[Recorded data]
[Start of Attachment]
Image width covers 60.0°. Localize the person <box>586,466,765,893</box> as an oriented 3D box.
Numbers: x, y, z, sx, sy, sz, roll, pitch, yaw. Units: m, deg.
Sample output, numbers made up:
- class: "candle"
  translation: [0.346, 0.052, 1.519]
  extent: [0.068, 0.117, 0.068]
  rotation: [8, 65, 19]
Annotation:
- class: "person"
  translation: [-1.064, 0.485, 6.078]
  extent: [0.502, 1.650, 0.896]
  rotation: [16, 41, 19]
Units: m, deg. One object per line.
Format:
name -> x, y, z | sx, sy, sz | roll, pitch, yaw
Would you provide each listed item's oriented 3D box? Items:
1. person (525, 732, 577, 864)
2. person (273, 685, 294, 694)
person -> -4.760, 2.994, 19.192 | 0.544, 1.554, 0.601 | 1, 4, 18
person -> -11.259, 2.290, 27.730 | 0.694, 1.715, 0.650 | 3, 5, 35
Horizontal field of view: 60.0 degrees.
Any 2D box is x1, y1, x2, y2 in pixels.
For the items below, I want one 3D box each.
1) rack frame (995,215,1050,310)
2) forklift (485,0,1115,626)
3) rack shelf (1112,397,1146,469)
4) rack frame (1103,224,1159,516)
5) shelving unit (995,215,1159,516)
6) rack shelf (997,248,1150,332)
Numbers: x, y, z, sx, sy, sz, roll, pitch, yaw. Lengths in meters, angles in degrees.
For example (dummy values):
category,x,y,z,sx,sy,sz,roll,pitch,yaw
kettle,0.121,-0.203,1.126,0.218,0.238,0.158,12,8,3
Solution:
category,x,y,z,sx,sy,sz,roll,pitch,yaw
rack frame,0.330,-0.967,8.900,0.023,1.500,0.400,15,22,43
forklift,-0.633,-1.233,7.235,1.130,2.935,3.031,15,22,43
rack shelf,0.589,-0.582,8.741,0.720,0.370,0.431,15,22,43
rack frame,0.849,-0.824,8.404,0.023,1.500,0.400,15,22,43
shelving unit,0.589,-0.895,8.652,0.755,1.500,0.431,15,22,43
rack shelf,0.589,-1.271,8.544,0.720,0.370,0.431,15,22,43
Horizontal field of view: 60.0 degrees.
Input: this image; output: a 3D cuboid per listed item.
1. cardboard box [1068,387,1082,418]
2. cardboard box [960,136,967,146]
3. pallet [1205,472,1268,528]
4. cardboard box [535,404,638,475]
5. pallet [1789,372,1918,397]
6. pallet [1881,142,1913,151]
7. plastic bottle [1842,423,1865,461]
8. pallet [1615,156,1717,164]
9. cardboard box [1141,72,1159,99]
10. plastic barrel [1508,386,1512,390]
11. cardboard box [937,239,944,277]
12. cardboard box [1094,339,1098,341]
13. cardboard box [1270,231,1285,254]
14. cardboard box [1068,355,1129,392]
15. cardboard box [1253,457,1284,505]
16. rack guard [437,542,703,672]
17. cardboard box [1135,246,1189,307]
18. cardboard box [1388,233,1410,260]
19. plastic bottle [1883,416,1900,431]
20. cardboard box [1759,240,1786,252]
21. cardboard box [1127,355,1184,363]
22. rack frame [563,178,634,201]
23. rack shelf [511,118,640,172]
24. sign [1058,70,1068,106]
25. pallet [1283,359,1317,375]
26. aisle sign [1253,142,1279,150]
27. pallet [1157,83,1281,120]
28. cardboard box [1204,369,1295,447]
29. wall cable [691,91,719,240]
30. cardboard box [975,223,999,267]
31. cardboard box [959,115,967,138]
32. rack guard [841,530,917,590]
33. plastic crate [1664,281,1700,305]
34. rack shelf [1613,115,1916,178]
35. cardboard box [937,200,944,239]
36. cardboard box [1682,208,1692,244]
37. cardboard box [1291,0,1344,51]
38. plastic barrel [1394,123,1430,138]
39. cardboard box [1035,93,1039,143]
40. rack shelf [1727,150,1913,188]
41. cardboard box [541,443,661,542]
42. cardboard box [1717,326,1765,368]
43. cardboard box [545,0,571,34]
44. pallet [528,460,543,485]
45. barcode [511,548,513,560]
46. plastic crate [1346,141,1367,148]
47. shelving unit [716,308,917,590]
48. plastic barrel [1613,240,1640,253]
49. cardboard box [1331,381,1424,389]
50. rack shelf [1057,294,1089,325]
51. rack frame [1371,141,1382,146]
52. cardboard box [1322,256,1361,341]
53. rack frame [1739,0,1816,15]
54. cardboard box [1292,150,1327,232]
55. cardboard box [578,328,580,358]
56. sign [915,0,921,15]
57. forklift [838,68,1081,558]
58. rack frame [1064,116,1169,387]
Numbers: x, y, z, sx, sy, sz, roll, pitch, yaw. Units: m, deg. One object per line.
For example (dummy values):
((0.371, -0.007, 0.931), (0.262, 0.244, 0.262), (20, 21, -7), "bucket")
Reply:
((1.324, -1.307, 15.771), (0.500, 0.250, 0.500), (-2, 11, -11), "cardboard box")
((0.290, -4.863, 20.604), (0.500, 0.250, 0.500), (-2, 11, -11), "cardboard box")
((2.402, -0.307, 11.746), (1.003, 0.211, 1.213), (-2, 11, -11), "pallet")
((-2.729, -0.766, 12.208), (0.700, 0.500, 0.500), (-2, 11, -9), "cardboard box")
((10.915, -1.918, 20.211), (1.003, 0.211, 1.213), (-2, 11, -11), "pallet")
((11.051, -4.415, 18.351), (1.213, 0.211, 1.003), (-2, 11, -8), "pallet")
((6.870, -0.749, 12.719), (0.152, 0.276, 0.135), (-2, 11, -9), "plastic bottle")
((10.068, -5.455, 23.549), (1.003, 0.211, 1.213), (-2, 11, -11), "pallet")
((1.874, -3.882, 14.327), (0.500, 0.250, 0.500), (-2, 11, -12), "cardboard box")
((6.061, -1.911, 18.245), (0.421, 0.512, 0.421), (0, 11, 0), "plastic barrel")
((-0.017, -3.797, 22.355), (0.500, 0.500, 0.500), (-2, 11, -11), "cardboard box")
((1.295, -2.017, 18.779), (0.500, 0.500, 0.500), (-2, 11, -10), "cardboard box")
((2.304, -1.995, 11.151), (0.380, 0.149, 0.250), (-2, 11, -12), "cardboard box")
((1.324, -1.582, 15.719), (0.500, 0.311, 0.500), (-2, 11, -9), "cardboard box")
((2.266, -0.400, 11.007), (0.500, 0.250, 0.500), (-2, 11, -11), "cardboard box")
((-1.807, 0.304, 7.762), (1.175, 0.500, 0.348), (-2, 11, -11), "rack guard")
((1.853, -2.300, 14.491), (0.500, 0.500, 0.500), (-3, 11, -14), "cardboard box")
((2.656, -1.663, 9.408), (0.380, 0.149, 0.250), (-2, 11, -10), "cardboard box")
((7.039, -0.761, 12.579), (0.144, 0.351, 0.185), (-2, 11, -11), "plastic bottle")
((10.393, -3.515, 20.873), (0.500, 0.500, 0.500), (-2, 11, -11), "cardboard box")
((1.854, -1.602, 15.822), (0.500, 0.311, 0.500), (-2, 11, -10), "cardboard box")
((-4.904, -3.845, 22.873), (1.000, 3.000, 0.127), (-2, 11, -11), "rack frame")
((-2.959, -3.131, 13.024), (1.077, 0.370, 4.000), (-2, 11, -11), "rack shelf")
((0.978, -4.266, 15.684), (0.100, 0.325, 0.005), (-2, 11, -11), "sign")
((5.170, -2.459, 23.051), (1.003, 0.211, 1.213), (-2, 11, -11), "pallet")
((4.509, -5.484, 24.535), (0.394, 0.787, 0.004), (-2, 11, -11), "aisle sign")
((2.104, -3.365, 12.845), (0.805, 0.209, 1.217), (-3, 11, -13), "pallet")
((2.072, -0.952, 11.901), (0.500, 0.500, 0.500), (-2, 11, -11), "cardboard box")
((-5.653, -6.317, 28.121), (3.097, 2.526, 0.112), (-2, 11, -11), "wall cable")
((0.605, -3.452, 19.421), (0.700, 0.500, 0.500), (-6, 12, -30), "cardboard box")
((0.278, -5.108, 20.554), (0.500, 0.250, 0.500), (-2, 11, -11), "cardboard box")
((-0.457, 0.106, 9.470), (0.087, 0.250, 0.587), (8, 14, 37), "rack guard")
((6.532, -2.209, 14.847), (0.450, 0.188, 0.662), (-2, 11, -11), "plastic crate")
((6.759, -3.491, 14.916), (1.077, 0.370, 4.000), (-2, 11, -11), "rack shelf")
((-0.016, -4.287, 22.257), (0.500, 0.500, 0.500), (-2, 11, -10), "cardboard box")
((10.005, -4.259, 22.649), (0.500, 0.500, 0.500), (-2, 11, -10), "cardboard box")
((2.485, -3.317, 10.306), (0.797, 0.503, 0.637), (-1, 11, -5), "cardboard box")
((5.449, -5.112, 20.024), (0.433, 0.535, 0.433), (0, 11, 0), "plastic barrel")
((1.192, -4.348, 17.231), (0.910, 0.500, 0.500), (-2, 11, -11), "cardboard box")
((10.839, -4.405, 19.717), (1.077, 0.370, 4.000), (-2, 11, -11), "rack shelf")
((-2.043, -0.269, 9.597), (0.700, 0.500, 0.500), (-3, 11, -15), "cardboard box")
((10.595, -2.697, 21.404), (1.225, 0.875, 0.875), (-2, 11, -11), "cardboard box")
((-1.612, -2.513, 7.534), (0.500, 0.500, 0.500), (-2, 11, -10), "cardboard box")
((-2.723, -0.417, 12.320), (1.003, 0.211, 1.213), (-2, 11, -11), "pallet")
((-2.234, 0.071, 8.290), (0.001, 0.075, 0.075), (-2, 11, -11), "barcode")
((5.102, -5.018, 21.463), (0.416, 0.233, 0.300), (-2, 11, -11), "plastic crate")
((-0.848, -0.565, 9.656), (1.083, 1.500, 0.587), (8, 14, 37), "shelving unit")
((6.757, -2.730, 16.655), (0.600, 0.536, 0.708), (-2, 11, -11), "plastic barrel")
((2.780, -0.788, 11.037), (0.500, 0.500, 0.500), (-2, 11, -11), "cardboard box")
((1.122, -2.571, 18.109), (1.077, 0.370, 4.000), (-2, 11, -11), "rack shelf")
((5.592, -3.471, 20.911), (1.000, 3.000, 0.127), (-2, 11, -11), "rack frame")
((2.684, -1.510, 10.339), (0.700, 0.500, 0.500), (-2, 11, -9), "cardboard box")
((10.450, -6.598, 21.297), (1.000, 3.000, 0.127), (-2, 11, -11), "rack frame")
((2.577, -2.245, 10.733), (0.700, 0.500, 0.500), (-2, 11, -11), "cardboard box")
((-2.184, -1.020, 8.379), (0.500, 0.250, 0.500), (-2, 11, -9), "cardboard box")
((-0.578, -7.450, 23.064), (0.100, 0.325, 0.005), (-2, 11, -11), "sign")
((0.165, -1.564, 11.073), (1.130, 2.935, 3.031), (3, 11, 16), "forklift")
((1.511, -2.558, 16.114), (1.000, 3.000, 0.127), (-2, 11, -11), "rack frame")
[End of Attachment]
## PROBLEM DESCRIPTION
Go through the records from the first line and copy each one exactly, ending after the line that contains "kettle,0.121,-0.203,1.126,0.218,0.238,0.158,12,8,3". Give nothing else.

## REPLY TO THE TASK
Image width covers 60.0°. Localize the person <box>586,466,765,893</box> as an oriented 3D box.
Numbers: x, y, z, sx, sy, sz, roll, pitch, yaw. Units: m, deg.
Sample output, numbers made up:
- class: "candle"
  translation: [0.346, 0.052, 1.519]
  extent: [0.068, 0.117, 0.068]
  rotation: [8, 65, 19]
Annotation:
- class: "person"
  translation: [-1.064, 0.485, 6.078]
  extent: [0.502, 1.650, 0.896]
  rotation: [16, 41, 19]
Units: m, deg. One object per line.
Format:
name -> x, y, z | sx, sy, sz | roll, pitch, yaw
Would you provide each listed item's oriented 3D box? Items:
1. person (525, 732, 577, 864)
2. person (273, 685, 294, 694)
person -> -4.760, 2.994, 19.192 | 0.544, 1.554, 0.601 | 1, 4, 18
person -> -11.259, 2.290, 27.730 | 0.694, 1.715, 0.650 | 3, 5, 35
Horizontal field of view: 60.0 degrees.
Any 2D box is x1, y1, x2, y2 in pixels.
For the items below, I want one 3D box each.
1) rack frame (995,215,1050,310)
2) forklift (485,0,1115,626)
3) rack shelf (1112,397,1146,469)
4) rack frame (1103,224,1159,516)
5) shelving unit (995,215,1159,516)
6) rack shelf (997,248,1150,332)
Numbers: x, y, z, sx, sy, sz, roll, pitch, yaw. Lengths in meters, angles in degrees.
For example (dummy values):
category,x,y,z,sx,sy,sz,roll,pitch,yaw
kettle,0.121,-0.203,1.126,0.218,0.238,0.158,12,8,3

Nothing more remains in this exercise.